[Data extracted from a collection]
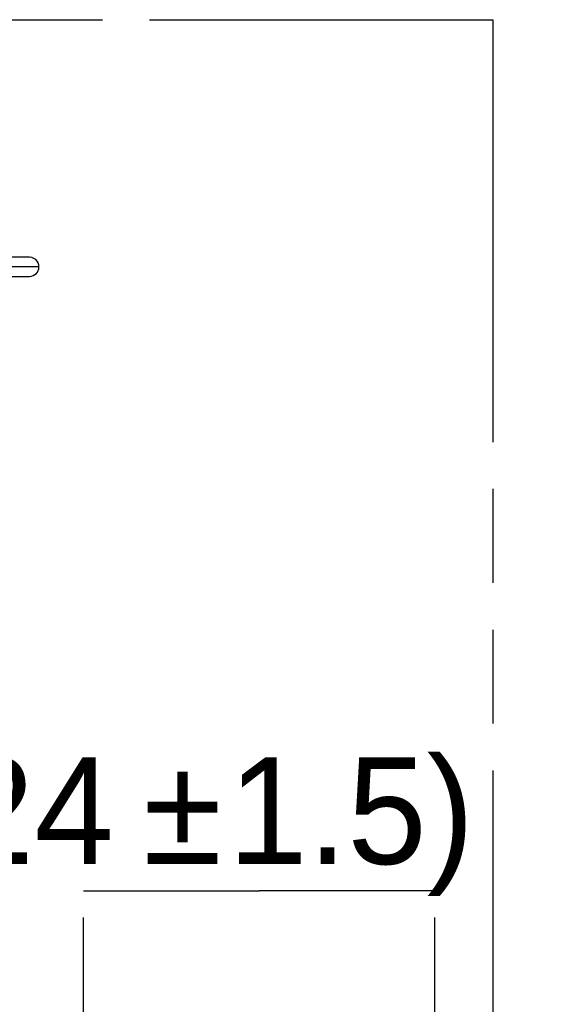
# Model space of a CAD drawing. Header units: millimetres. Extents: x 0 to 210, y 0 to 297.
# Tile 20 of 21: x 140 to 151, y 162 to 182. Entities that reach past the tile are written whole.
import ezdxf
from ezdxf.enums import TextEntityAlignment as Align

# ---------------------------------------------------------------- set-up
doc = ezdxf.new("R2010")
doc.units = ezdxf.units.MM
doc.header["$LTSCALE"] = 19.36
doc.linetypes.add('PHANTOM', pattern=[0.8, 0.45, -0.05, 0.1, -0.05, 0.1, -0.05])
doc.layers.get('0').update_dxf_attribs({"linetype": 'CONTINUOUS'})
doc.layers.add('DEFAULT_3', color=7, linetype='PHANTOM')
doc.layers.add('Z_DIM_2D', color=7, linetype='CONTINUOUS')
doc.styles.add('TEXTSTYLE_3', font='tridonic-metric-print-light.otf')
doc.styles.add('TEXTSTYLE_4', font='gdt', dxfattribs={"width": 0.7})
doc.dimstyles.new('DIMSTYLE_5', dxfattribs={"dimtxt": 2.2, "dimasz": 3.5, "dimexe": 1.5, "dimexo": 0, "dimgap": 0.55, "dimtad": 1, "dimdec": 0, "dimlfac": 3.529412, "dimdsep": 46, "dimtxsty": 'TEXTSTYLE_3', "dimcen": 0.09, "dimclrt": 5, "dimadec": 0, "dimazin": 2, "dimtp": 0.2, "dimtm": 0.2, "dimtfac": 1, "dimtdec": 0, "dimtofl": 0, "dimtmove": 0, "dimatfit": 3, "dimfxl": 0, "dimtolj": 1, "dimarcsym": 0})

# ---------------------------------------------------------------- blocks, each defined once
blk = doc.blocks.new('*D7')
at = {"layer": 'Z_DIM_2D', "color": 2, "linetype": 'Continuous', "transparency": 16777216}
for p, q in [((141.174, 164.362), (144.797, 164.362)), ((148.419, 164.362), (144.797, 164.362)), ((141.174, 141.433), (141.174, 163.812)), ((148.419, 139.836), (148.419, 163.812))]:
    blk.add_line(p, q, dxfattribs=at)
at = {"layer": 'Z_DIM_2D', "color": 5, "linetype": 'Continuous', "transparency": 16777216}
for s, style, p in [('`', 'TEXTSTYLE_4', (143.216, 164.912)), (' (24', 'TEXTSTYLE_3', (139.264, 164.912)), ('1.5)  ', 'TEXTSTYLE_3', (147.512, 164.912)), ('26', 'TEXTSTYLE_3', (134.945, 164.912))]:
    blk.add_text(s, height=2.2, dxfattribs=dict(at, style=style)).set_placement(p, align=Align.CENTER)
blk = doc.blocks.new('_NONE')

msp = doc.modelspace()

# ---------------------------------------------------------------- linework, layer by layer
at = {"color": 7, "linetype": 'Continuous'}
for p, q in [((140.061, 177.431), (129.812, 177.431)), ((140.061, 177.431), (140.061, 177.431)), ((129.943, 177.034), (140.061, 177.034))]:
    msp.add_line(p, q, dxfattribs=at)
at = {"color": 9, "linetype": 'Continuous'}
msp.add_line((140.259, 177.233), (129.971, 177.233), dxfattribs=at)
at = {"color": 7, "linetype": 'Continuous'}
for points in [[(140.259, 177.233), (140.259, 177.238), (140.255, 177.276), (140.242, 177.313), (140.221, 177.35), (140.192, 177.382), (140.154, 177.407), (140.109, 177.425), (140.061, 177.431)], [(140.061, 177.034), (140.102, 177.038), (140.141, 177.051), (140.176, 177.071), (140.205, 177.096), (140.227, 177.125), (140.244, 177.156), (140.254, 177.189), (140.259, 177.222), (140.259, 177.233)]]:
    msp.add_lwpolyline(points, dxfattribs=at)
at = {"layer": 'DEFAULT_3', "color": 7, "linetype": 'PHANTOM'}
for p, q in [((49.609, 182.33), (149.609, 182.33)), ((149.609, 182.33), (149.609, 132.33))]:
    msp.add_line(p, q, dxfattribs=at)

# ---------------------------------------------------------------- dimensions: what is measured, and where the dimension line sits
at = {"layer": 'Z_DIM_2D', "color": 2, "linetype": 'Continuous'}
dim = msp.add_linear_dim(base=(148.419, 164.362), p1=(141.174, 141.433), p2=(148.419, 139.836), text='<> (24%%p1.5)  ', dimstyle='DIMSTYLE_5', override={"dimblk1": 'NONE', "dimblk2": 'NONE', "dimsah": 1}, dxfattribs=at)
dim.commit()
dim.dimension.update_dxf_attribs({"geometry": '*D7', "text_midpoint": (141.91, 164.362), "dimtype": 160})

doc.saveas('drawing.dxf')

* [Your goal]: Once you have checked the entries above, say how many lines include the word "font", and nothing beyond the number.

* [Task response]: 2